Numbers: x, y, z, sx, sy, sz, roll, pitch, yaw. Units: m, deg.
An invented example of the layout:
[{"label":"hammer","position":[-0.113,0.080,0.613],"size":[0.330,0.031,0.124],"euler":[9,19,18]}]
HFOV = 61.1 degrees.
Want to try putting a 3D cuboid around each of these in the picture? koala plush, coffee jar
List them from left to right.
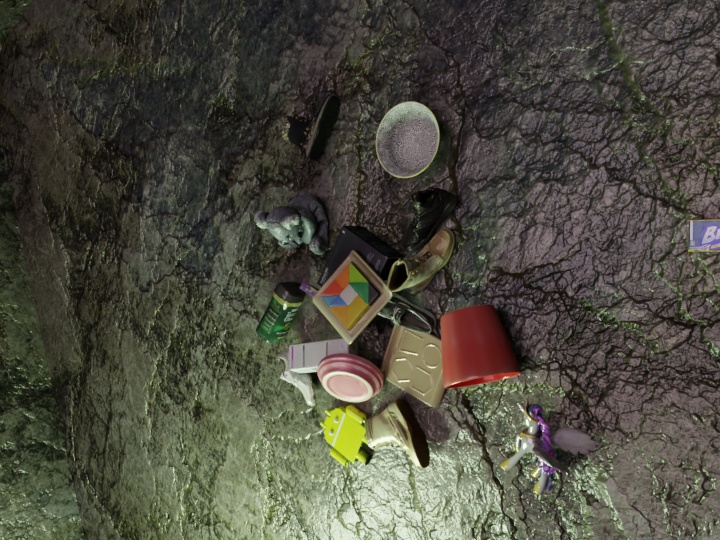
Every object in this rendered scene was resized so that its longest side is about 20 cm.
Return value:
[{"label":"coffee jar","position":[-0.254,0.131,1.963],"size":[0.085,0.104,0.201],"euler":[37,113,26]},{"label":"koala plush","position":[-0.213,-0.148,1.866],"size":[0.176,0.199,0.186],"euler":[10,97,35]}]

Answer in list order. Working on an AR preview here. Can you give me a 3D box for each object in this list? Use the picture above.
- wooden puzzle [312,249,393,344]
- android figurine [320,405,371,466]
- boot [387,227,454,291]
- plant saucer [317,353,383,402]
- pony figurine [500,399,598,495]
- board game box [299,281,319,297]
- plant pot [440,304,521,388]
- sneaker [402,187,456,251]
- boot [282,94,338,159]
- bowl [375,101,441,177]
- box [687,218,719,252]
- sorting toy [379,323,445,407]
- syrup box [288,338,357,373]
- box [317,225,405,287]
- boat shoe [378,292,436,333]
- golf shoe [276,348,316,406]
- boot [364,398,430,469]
[{"label":"wooden puzzle","position":[-0.028,0.072,1.690],"size":[0.200,0.037,0.185],"euler":[-51,62,14]},{"label":"android figurine","position":[-0.040,0.498,1.861],"size":[0.199,0.041,0.184],"euler":[31,109,29]},{"label":"boot","position":[0.161,-0.026,1.626],"size":[0.072,0.154,0.201],"euler":[44,115,26]},{"label":"plant saucer","position":[-0.033,0.319,1.765],"size":[0.199,0.201,0.051],"euler":[-21,35,34]},{"label":"pony figurine","position":[0.437,0.431,1.461],"size":[0.192,0.166,0.202],"euler":[32,125,39]},{"label":"board game box","position":[-0.080,0.101,1.818],"size":[0.199,0.120,0.032],"euler":[31,85,36]},{"label":"plant pot","position":[0.286,0.190,1.533],"size":[0.199,0.200,0.179],"euler":[-22,70,34]},{"label":"sneaker","position":[0.157,-0.144,1.644],"size":[0.200,0.114,0.077],"euler":[-51,36,26]},{"label":"boot","position":[-0.160,-0.466,1.896],"size":[0.153,0.073,0.205],"euler":[36,112,32]},{"label":"bowl","position":[0.148,-0.349,1.663],"size":[0.199,0.094,0.203],"euler":[1,92,35]},{"label":"box","position":[0.777,-0.071,1.235],"size":[0.198,0.064,0.071],"euler":[1,92,36]},{"label":"sorting toy","position":[0.163,0.257,1.713],"size":[0.199,0.036,0.187],"euler":[24,106,28]},{"label":"syrup box","position":[-0.112,0.258,1.842],"size":[0.198,0.079,0.082],"euler":[-9,71,21]},{"label":"box","position":[0.000,0.000,1.775],"size":[0.182,0.104,0.201],"euler":[37,112,27]},{"label":"boat shoe","position":[0.113,0.114,1.670],"size":[0.198,0.071,0.073],"euler":[18,106,6]},{"label":"golf shoe","position":[-0.201,0.341,1.928],"size":[0.078,0.096,0.202],"euler":[101,149,-67]},{"label":"boot","position":[0.100,0.487,1.737],"size":[0.155,0.072,0.201],"euler":[-38,68,30]}]
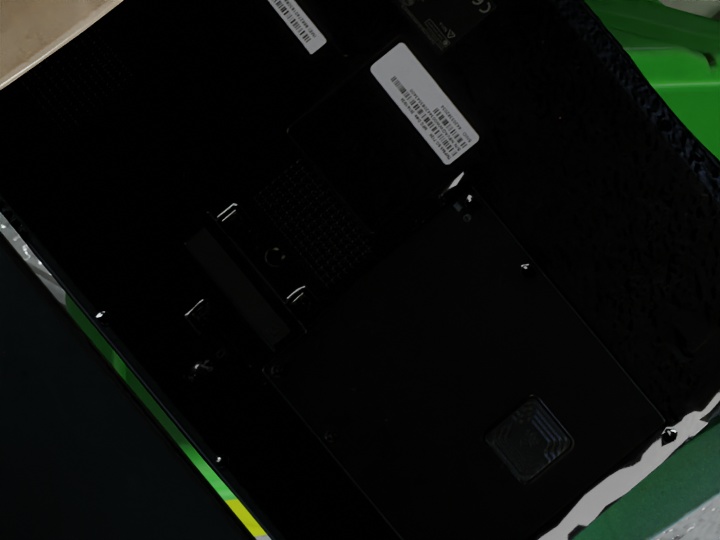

Required work –
The lines to return are those in the records above that hold the word "object".

Response to the exercise –
Every object in this rendered scene was resized so that its longest side is about 20 cm.
Answer in list order. Working on an AR preview here. Can you give me a 3D box for each object in this list? Use the picture above.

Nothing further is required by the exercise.